Despite these advancements, areas for further improvement remain. The cone-rod cell module, while effective in reducing light interference, adds to the model's parameter count and computational demands. Future research aims to streamline this module, reducing its resource consumption for practical engineering applications. Additionally, while structural reparameterization has improved multi-scale feature extraction, there's potential for further enhancement in the AP values for certain small object categories such as Echinus, holothurian, fish, scallop, and jellyfish. Upcoming experiments will concentrate on improving the matching of positive and negative samples and refining the candidate frame selection algorithm, aiming to develop a more targeted approach for small object clusters.

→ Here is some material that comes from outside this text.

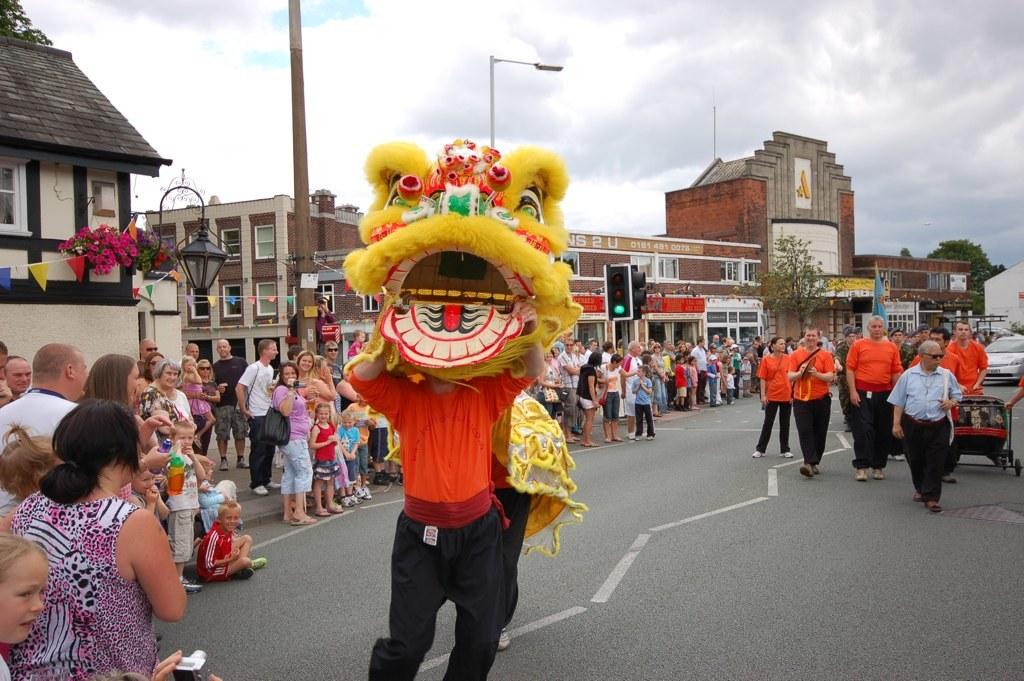What is happening on the road in the image? There are people on the road in the image. What can be seen on the left side of the image? There are houses on the left side of the image. What is visible in the sky in the background of the image? There are clouds visible in the sky in the background of the image. Where is the cannon located in the image? There is no cannon present in the image. What type of calculations can be performed using the calculator in the image? There is no calculator present in the image. 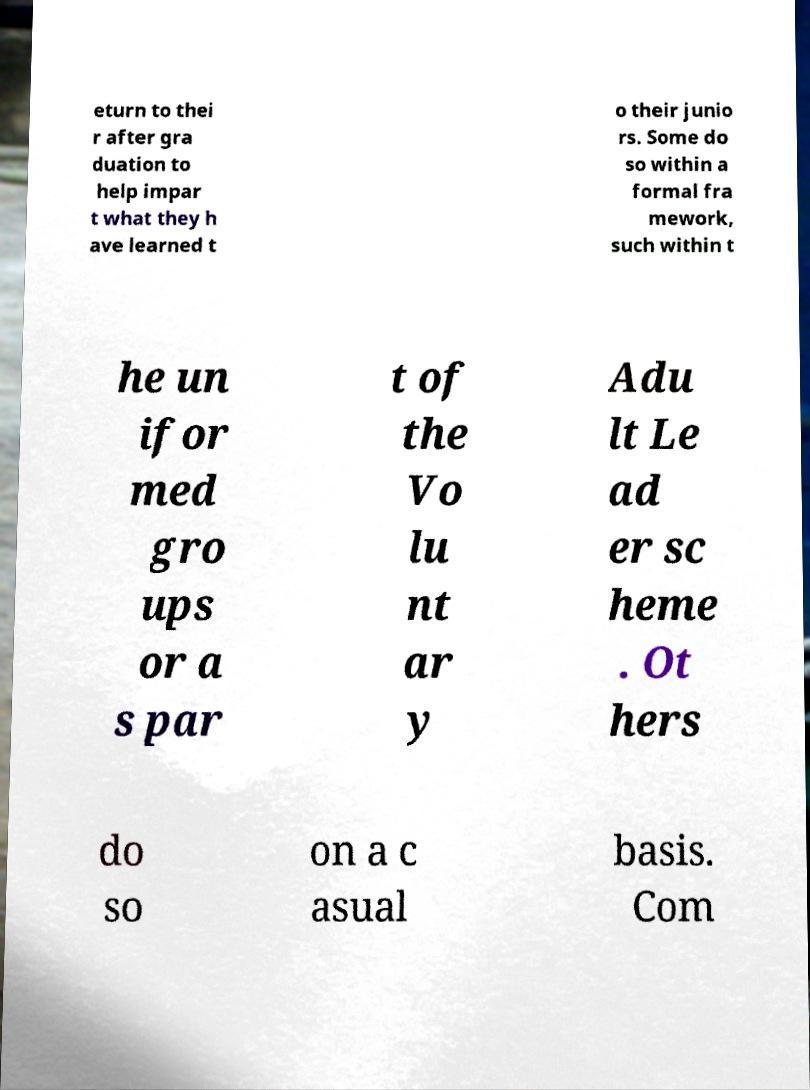Could you extract and type out the text from this image? eturn to thei r after gra duation to help impar t what they h ave learned t o their junio rs. Some do so within a formal fra mework, such within t he un ifor med gro ups or a s par t of the Vo lu nt ar y Adu lt Le ad er sc heme . Ot hers do so on a c asual basis. Com 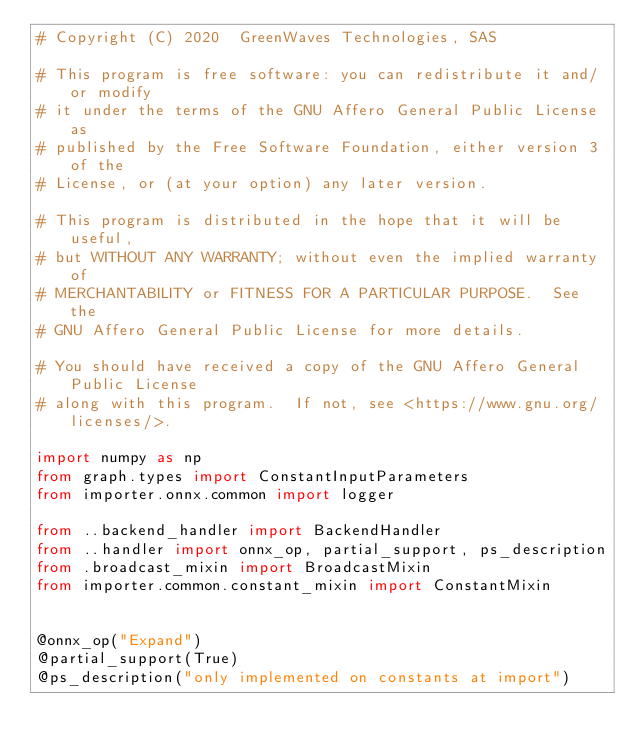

Furthermore, following the implementation of structural reparameterization, the model is suitable for deployment on specific hardware. However, its acceleration performance is suboptimal when utilized with the TensorRT deployment framework. It is hypothesized that structural reparameterization might advance the fusion of operators in the deployment framework to the model code level [26, 27]. This hypothesis presents an intriguing avenue for future research, offering not only optimization strategies for underwater object detection but also practical insights into the control of structural reparameterization.